30 kVA small distribution transformer

[alokanant]

This questions is with reference to the following thread:

http://forums.mikeholt.com/showthread.php?t=122067&page=2

If we follow the NEC tables the maximum overcurrent protection settings can be set. However if we plot the transformer damage curve with the protective devices and the transformer the transformer (esp. the overload or low fault current range) is not protected. This is particularly true for transformers with Delta - Star solidly grounded transformers, for which the transformer damage curve needs to be shifted to the left by 58%.

Is this typical to have, or is there a better way to protect than using molded case thermal magnetic CBs. The transformers under consideration are 30 kVA or 45 kVA, which I guess are not that expensive to replace and possibly in a commercial setting are unlikely to get overloaded, although the possibility of single line to ground fault cannot be ruled out.

Thank you.

 

[petersonra]

I am not entirely sure what it is that you are asking.

If you have a short to ground on the secondary it should trip the secondary protection instantly, so where would the damage come from?

 

[GoldDigger]

When he mentions a single line to ground fault, I think he is supposing a high resistance fault which manages to continue "forever", not a bolted fault.
The kind if fault that could create an overload which hides in the area near the 135% mark of a breaker. The sort of "fault" that would end up tripping the overload on a motor.
Not quite sure what that might be, but....

 

[alokanant]

TCC for 30 kVA transformer protection

TCC for 30 kVA transformer protection

I am attaching the TCC to make things clear. Note that the shifted transformer damage curve (for 1-phase faults) is shown in solid lines, whereas the 3-phase fault damage curve is shown in solid lines.

 

[kingpb]

First, the NEC maximums are just that, maximum and something less is usually needed.

Using molded case circuit breakers you will have a difficult time matching the protection curve with the damage curve on transformers. Fuses actually match transformer curves better, but I am not advocating the use of fuses; just sayin.

Keep in mind you do not need to coordinate the HV and LV breakers; meaning it doesn't matter which one trips first.
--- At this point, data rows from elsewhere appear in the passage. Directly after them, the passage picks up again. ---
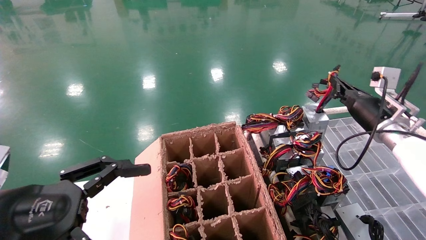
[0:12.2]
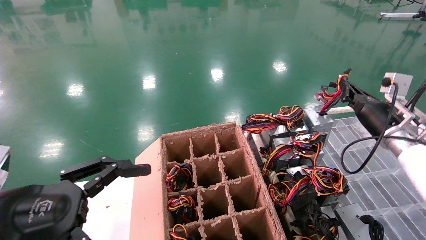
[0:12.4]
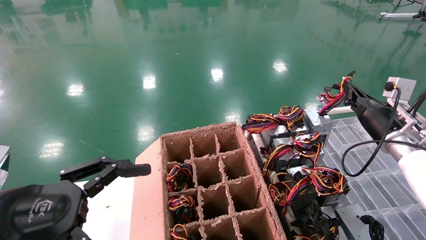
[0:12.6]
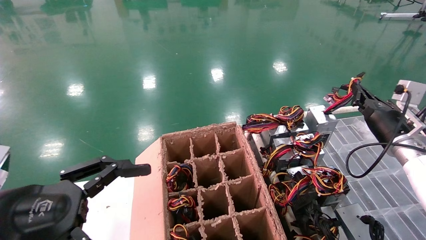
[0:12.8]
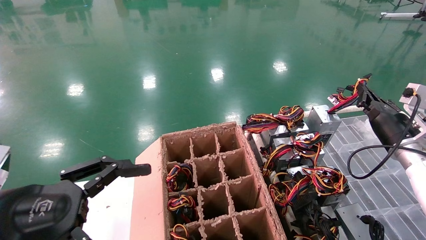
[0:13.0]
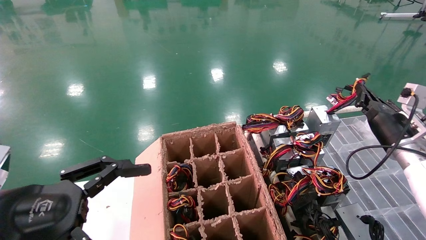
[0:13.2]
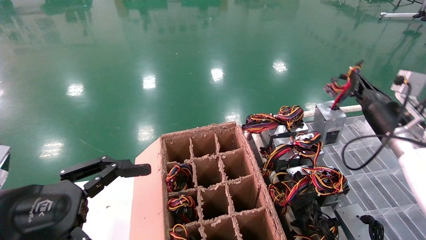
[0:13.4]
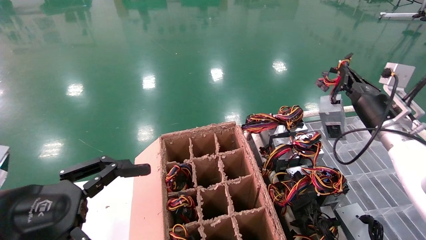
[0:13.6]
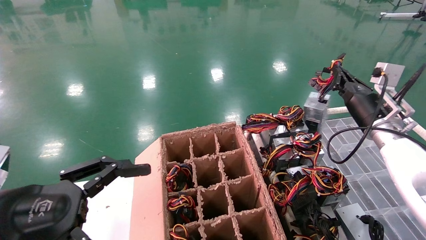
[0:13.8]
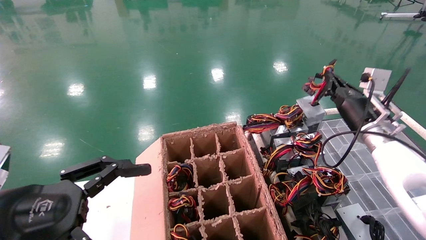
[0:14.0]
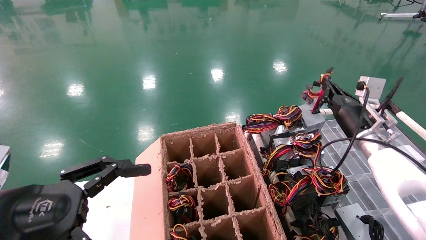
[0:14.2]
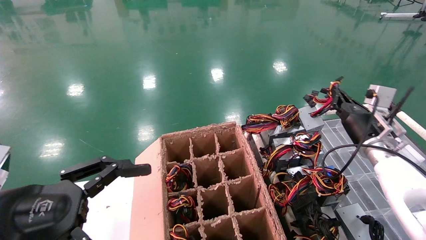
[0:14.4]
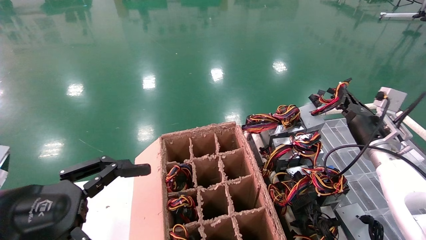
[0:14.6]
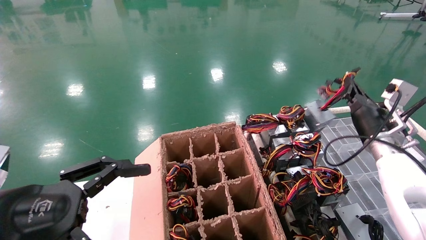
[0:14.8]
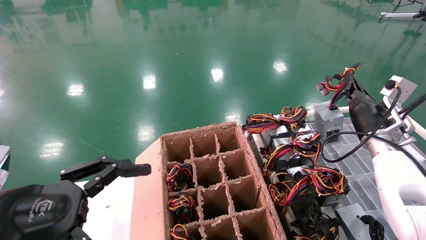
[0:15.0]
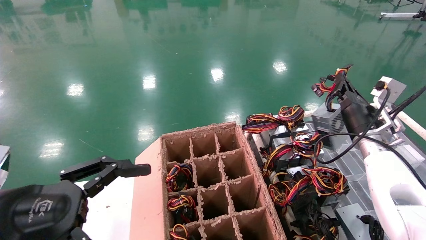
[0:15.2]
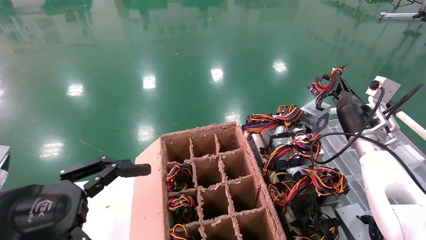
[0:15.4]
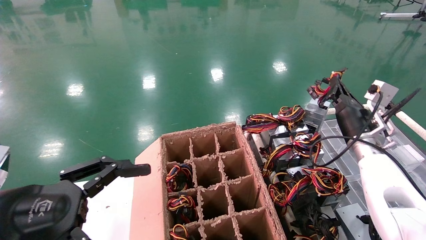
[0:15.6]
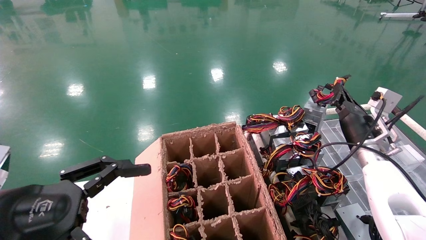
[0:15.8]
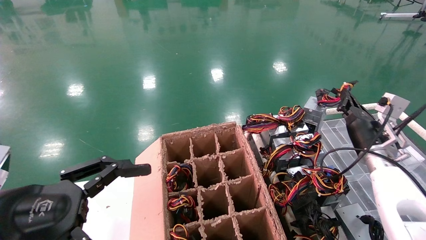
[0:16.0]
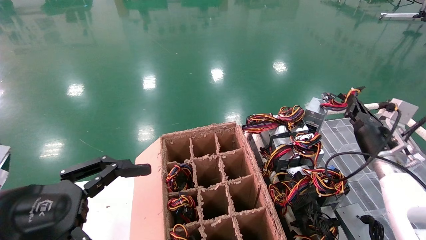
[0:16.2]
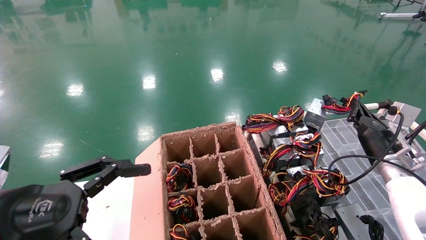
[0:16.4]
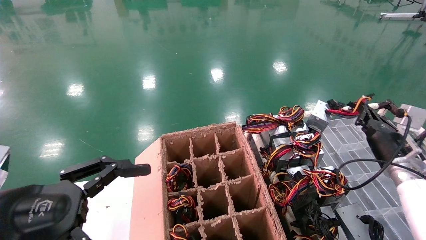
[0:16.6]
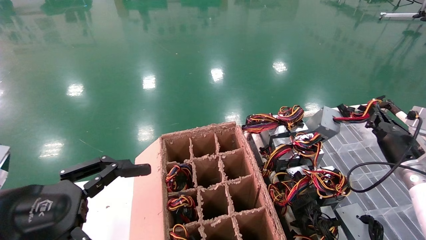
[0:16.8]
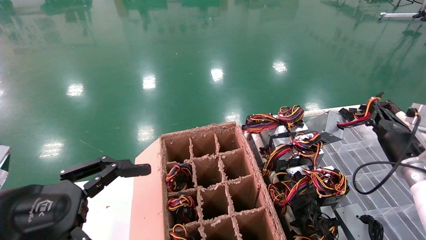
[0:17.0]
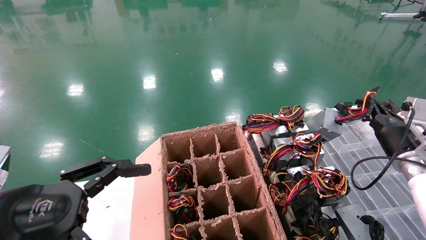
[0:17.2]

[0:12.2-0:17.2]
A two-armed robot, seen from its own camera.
0:12.2 to 0:15.6: The grippers stay close to where they were, moving slightly.
0:15.6 to 0:17.2: The right gripper goes some 10 cm to the right.

Transformer can handle extended overload periods without damage, albeit it will reduce the life expectancy of the equipment. What is important is that the device protects the circuit components they are intended to protect.

Throw out the NEC in this regard, use your curves, and fit the best you can.

 

[alokanant]

First, the NEC maximums are just that, maximum and something less is usually needed.

Using molded case circuit breakers you will have a difficult time matching the protection curve with the damage curve on transformers. Fuses actually match transformer curves better, but I am not advocating the use of fuses; just sayin.

Keep in mind you do not need to coordinate the HV and LV breakers; meaning it doesn't matter which one trips first. Transformer can handle extended overload periods without damage, albeit it will reduce the life expectancy of the equipment. What is important is that the device protects the circuit components they are intended to protect.

Throw out the NEC in this regard, use your curves, and fit the best you can.

Thank you for the valuable inputs. I agree that the HV and LV protective devices (PDs) need not be coordinated. The concern here is transformer protection for fault/overload current levels less than around 175 A in case of single-line-to-ground faults. If we use lower rated PDs there is a chance of nuisance tripping on transformer inrush or load pickup. We may cause some transformer damage for rare low-fault currents but I think it is not common to plot TCCs for the small transformers.